# car as collateral



## 4HiMarks (Jan 21, 2004)

A man walks into a big bank in New York City and asks for the loan officer. He tells the loan officer that he is going to Europe on business for two weeks and needs to borrow $5,000.

The bank officer tells him that the bank will need some form of security for the loan, so the man hands over the keys of his new Ferrari parked on the street in front of the bank. He produces the title and everything checks out.

The loan officer agrees to accept the car as collateral for the loan.

The bank's president and its officers all enjoy a good laugh at the man for using a $250,000 Ferrari as collateral against a $5,000 loan. An employee of the bank then drives the Ferrari into the bank's underground garage and parks it there.

Two weeks later, the man returns, repays the $5,000 and the interest, which comes to $15.41. The loan officer says, "Sir, we are very happy to have had your business, and this transaction has worked out very nicely, but we are a little puzzled. While you were away, we checked you out and found that you are a multi-millionaire. What puzzles us is, why would you bother to borrow $5,000?"

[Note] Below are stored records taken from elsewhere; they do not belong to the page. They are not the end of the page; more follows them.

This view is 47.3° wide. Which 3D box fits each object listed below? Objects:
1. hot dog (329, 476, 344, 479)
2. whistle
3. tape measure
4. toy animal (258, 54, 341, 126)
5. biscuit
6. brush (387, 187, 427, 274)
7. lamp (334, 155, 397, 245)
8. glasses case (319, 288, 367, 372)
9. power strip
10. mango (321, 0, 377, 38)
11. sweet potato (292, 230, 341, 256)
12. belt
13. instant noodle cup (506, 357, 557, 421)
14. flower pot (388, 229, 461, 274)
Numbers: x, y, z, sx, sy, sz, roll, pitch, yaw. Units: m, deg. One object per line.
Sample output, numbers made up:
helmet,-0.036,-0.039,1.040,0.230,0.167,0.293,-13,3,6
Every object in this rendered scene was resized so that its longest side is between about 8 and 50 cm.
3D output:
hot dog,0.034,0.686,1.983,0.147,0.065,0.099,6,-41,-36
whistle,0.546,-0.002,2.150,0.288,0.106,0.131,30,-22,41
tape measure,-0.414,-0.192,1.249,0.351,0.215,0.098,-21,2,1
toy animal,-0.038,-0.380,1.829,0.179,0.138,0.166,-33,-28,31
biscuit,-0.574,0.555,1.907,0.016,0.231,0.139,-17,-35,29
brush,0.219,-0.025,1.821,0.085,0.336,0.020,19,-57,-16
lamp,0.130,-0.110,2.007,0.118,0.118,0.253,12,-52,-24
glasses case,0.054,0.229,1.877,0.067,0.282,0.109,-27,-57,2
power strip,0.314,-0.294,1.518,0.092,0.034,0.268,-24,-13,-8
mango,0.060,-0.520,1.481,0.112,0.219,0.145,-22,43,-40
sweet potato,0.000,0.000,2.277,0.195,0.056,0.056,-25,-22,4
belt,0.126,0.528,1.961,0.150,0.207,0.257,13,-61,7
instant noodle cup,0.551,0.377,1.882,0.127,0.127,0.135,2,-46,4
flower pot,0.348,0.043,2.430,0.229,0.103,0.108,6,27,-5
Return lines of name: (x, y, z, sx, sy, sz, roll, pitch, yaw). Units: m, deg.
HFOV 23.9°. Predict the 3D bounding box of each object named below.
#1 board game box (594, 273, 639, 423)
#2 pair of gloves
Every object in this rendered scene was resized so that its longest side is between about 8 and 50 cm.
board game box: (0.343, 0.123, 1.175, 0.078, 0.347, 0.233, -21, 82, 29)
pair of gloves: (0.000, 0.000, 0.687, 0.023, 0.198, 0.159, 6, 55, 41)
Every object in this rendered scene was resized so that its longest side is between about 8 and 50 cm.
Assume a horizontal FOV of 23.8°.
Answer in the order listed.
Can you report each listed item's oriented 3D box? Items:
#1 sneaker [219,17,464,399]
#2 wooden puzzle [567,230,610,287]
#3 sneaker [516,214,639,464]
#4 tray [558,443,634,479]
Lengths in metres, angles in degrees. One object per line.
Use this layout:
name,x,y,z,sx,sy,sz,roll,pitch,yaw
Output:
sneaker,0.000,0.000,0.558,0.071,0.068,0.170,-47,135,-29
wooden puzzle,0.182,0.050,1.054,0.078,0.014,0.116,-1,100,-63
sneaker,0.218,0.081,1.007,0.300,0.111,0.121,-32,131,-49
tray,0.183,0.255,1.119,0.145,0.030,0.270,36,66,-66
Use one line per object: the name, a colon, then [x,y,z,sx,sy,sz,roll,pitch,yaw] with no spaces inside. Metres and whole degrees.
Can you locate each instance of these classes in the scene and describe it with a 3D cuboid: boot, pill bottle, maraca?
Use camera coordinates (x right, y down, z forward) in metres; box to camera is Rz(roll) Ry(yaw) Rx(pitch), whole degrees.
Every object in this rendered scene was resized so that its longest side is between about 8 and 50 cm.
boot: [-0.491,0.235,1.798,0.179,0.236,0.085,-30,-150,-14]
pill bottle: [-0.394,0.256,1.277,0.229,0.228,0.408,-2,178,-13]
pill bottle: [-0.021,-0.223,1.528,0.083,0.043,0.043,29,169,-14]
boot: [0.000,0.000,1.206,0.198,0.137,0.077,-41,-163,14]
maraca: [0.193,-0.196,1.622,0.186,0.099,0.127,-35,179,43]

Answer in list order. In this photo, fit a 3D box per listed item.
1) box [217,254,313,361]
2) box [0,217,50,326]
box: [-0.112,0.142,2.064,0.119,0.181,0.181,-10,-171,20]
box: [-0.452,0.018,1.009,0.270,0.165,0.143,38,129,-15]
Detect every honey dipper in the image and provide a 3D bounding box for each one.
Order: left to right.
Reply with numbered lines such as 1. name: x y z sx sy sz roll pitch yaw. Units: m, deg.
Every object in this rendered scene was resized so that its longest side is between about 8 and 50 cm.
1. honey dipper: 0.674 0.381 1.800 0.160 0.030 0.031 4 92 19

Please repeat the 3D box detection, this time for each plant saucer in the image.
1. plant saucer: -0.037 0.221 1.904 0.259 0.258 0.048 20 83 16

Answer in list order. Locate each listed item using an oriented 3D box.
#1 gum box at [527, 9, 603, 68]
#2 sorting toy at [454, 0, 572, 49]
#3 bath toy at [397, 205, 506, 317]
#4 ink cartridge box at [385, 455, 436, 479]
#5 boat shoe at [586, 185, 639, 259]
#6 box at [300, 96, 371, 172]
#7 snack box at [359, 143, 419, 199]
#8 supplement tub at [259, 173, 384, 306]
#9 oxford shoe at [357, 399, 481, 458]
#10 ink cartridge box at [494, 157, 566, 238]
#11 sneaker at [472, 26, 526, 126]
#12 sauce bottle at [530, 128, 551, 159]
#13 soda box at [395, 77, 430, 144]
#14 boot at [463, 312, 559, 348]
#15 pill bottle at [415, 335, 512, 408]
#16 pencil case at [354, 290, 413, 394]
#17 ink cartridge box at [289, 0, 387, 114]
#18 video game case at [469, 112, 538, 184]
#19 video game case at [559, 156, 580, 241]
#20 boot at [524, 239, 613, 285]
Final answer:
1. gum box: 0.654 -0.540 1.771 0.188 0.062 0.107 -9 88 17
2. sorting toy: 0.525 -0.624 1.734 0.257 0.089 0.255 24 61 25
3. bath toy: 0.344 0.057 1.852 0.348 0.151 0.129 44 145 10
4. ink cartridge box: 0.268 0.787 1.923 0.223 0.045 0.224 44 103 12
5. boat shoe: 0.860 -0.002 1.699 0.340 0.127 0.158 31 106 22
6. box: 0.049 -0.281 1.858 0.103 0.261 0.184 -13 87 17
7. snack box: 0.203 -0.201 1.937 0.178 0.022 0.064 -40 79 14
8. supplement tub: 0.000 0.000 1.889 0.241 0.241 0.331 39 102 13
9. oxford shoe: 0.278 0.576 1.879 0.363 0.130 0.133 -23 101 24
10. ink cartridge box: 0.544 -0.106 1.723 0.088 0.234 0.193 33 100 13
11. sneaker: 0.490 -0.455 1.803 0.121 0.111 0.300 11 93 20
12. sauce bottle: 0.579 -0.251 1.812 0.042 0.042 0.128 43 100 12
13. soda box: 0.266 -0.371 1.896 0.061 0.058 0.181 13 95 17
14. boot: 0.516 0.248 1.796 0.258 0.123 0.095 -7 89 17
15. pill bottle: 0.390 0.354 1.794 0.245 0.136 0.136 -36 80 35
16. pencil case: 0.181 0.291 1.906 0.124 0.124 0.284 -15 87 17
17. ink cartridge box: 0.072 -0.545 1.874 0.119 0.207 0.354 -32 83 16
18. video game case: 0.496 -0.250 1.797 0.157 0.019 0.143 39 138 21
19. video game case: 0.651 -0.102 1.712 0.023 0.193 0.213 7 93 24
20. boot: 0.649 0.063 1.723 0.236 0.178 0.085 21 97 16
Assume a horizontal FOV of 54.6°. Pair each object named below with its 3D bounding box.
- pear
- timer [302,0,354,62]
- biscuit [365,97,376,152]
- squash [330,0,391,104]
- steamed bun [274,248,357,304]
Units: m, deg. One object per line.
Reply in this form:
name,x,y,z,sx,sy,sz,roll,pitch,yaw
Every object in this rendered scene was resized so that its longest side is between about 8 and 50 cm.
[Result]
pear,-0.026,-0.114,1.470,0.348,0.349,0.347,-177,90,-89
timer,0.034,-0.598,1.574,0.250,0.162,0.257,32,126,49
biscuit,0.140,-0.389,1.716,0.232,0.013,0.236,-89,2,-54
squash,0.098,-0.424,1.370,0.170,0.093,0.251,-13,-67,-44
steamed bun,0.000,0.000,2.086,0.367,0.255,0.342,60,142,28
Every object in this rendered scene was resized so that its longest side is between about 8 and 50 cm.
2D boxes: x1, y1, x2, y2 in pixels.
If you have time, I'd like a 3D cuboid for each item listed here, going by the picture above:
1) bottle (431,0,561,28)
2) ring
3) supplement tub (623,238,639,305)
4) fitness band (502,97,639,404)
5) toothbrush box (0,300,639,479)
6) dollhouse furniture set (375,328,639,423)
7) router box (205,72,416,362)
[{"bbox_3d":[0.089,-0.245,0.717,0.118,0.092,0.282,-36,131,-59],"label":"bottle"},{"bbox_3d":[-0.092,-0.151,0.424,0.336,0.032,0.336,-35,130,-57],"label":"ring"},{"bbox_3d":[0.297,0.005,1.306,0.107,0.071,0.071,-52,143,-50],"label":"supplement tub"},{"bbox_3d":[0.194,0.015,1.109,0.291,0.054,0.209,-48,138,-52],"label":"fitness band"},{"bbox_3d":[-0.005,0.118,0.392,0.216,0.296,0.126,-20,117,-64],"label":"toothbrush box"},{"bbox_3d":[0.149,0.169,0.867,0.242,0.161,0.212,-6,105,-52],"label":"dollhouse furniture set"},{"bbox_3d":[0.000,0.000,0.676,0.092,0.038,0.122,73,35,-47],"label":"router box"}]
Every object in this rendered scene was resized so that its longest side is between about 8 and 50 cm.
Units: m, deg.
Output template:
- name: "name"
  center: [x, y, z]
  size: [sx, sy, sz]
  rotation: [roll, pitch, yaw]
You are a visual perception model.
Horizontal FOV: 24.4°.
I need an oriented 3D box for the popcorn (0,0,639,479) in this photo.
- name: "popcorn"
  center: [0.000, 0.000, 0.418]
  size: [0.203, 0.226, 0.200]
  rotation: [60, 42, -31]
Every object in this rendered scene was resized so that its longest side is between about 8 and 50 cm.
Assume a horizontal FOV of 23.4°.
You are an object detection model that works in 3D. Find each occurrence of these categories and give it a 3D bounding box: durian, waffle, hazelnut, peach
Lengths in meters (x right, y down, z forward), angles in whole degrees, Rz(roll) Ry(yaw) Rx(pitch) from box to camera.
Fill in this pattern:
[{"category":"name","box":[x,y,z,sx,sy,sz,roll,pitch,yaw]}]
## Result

The man replies: "Where else in New York City can I park my car for two weeks for only $15.41 and expect it to be there when I return?"


----------



## dave29 (Feb 18, 2007)

Ha ha, that's a good one!!!


----------



## roadrunner1782 (Sep 28, 2008)

Now that's good!:lol:


----------



## hdtvfan0001 (Jul 28, 2004)

If it wasn't so true...it wouldn't be so funny.....:lol:


----------



## brant (Jul 6, 2008)

hdtvfan0001 said:


> If it wasn't so true...it wouldn't be so funny.....:lol:


er, loan origination fee, anyone?

still a funny joke though!


----------